Information provided ::
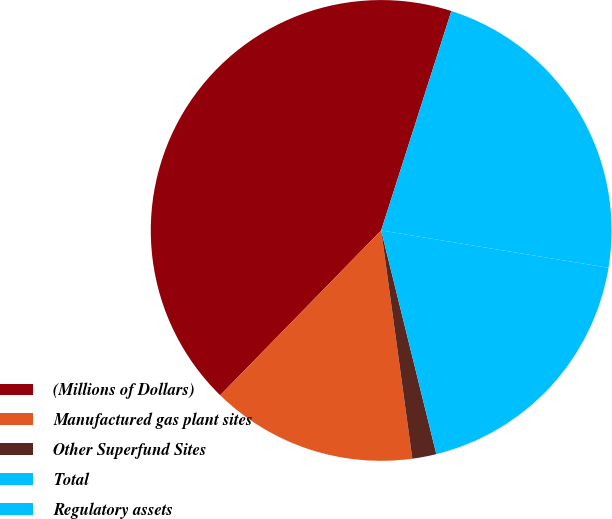Convert chart to OTSL. <chart><loc_0><loc_0><loc_500><loc_500><pie_chart><fcel>(Millions of Dollars)<fcel>Manufactured gas plant sites<fcel>Other Superfund Sites<fcel>Total<fcel>Regulatory assets<nl><fcel>42.61%<fcel>14.47%<fcel>1.69%<fcel>18.56%<fcel>22.66%<nl></chart> 
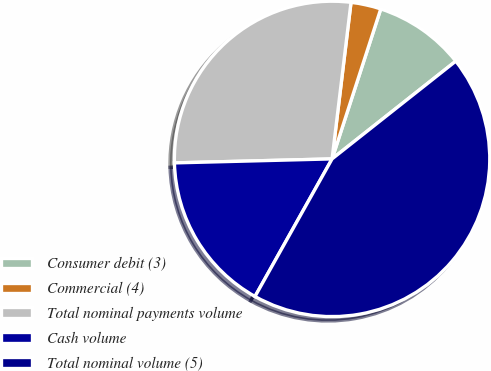Convert chart to OTSL. <chart><loc_0><loc_0><loc_500><loc_500><pie_chart><fcel>Consumer debit (3)<fcel>Commercial (4)<fcel>Total nominal payments volume<fcel>Cash volume<fcel>Total nominal volume (5)<nl><fcel>9.36%<fcel>3.08%<fcel>27.32%<fcel>16.47%<fcel>43.77%<nl></chart> 
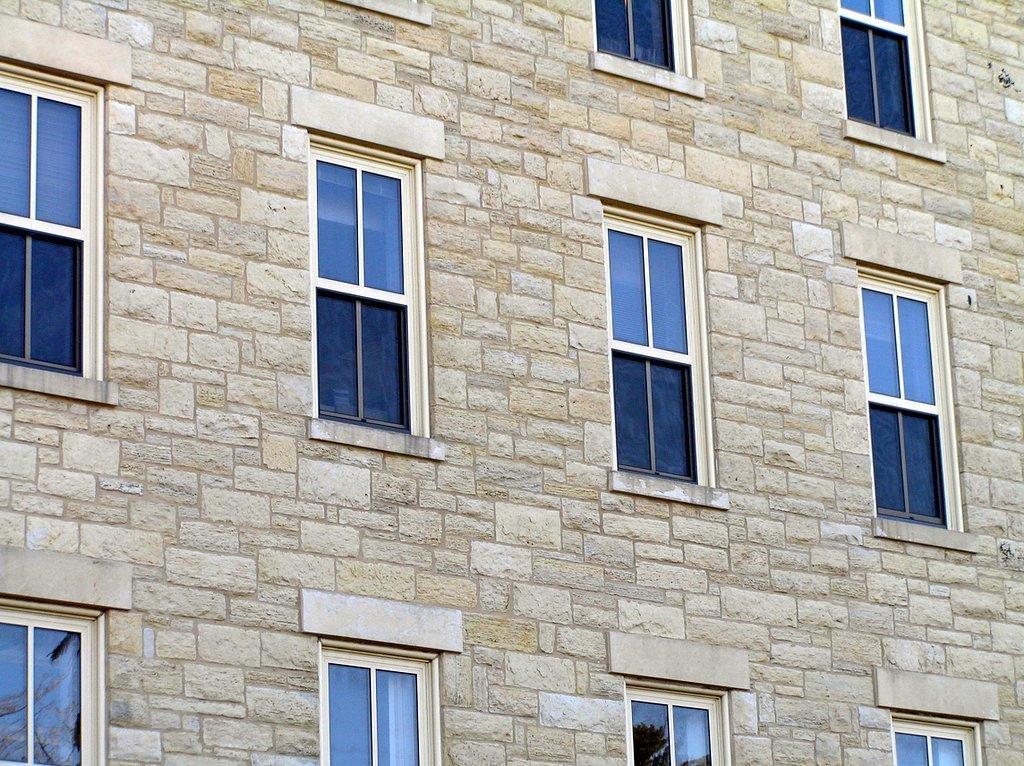Describe this image in one or two sentences. In this image there is a wall to which there are so many windows. There are glass windows to the wall. 
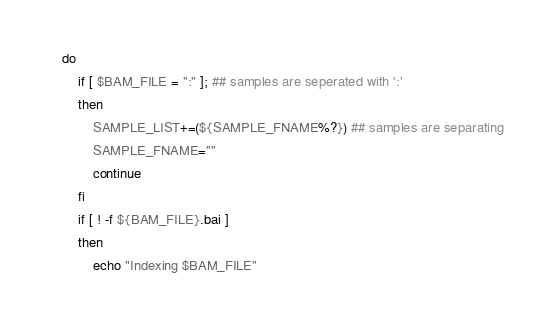Convert code to text. <code><loc_0><loc_0><loc_500><loc_500><_Bash_>    do
        if [ $BAM_FILE = ":" ]; ## samples are seperated with ':'
        then
            SAMPLE_LIST+=(${SAMPLE_FNAME%?}) ## samples are separating 
            SAMPLE_FNAME=""
            continue
        fi
        if [ ! -f ${BAM_FILE}.bai ]
        then
            echo "Indexing $BAM_FILE"</code> 
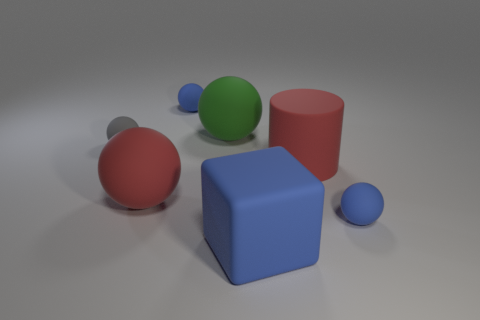The large cylinder that is in front of the blue rubber thing behind the object on the right side of the red matte cylinder is what color?
Ensure brevity in your answer.  Red. There is a small rubber sphere right of the small blue ball to the left of the cube; what is its color?
Your answer should be very brief. Blue. Are there more big cubes in front of the small gray rubber thing than big green objects behind the big blue matte object?
Your answer should be very brief. No. Does the tiny blue ball that is behind the large cylinder have the same material as the small object that is in front of the large red matte sphere?
Keep it short and to the point. Yes. There is a tiny gray ball; are there any rubber spheres behind it?
Your answer should be very brief. Yes. How many red things are either large rubber blocks or rubber cylinders?
Offer a very short reply. 1. Does the green sphere have the same material as the blue sphere right of the large blue rubber object?
Ensure brevity in your answer.  Yes. What is the size of the red object that is the same shape as the gray rubber thing?
Offer a very short reply. Large. What material is the cylinder?
Your answer should be compact. Rubber. There is a tiny blue thing that is behind the blue rubber ball to the right of the small blue thing left of the matte block; what is it made of?
Your answer should be very brief. Rubber.

Exercise objective ::
Across the preceding material, how many lines contain the word "very"? State the number alone.

Answer to this problem ::
6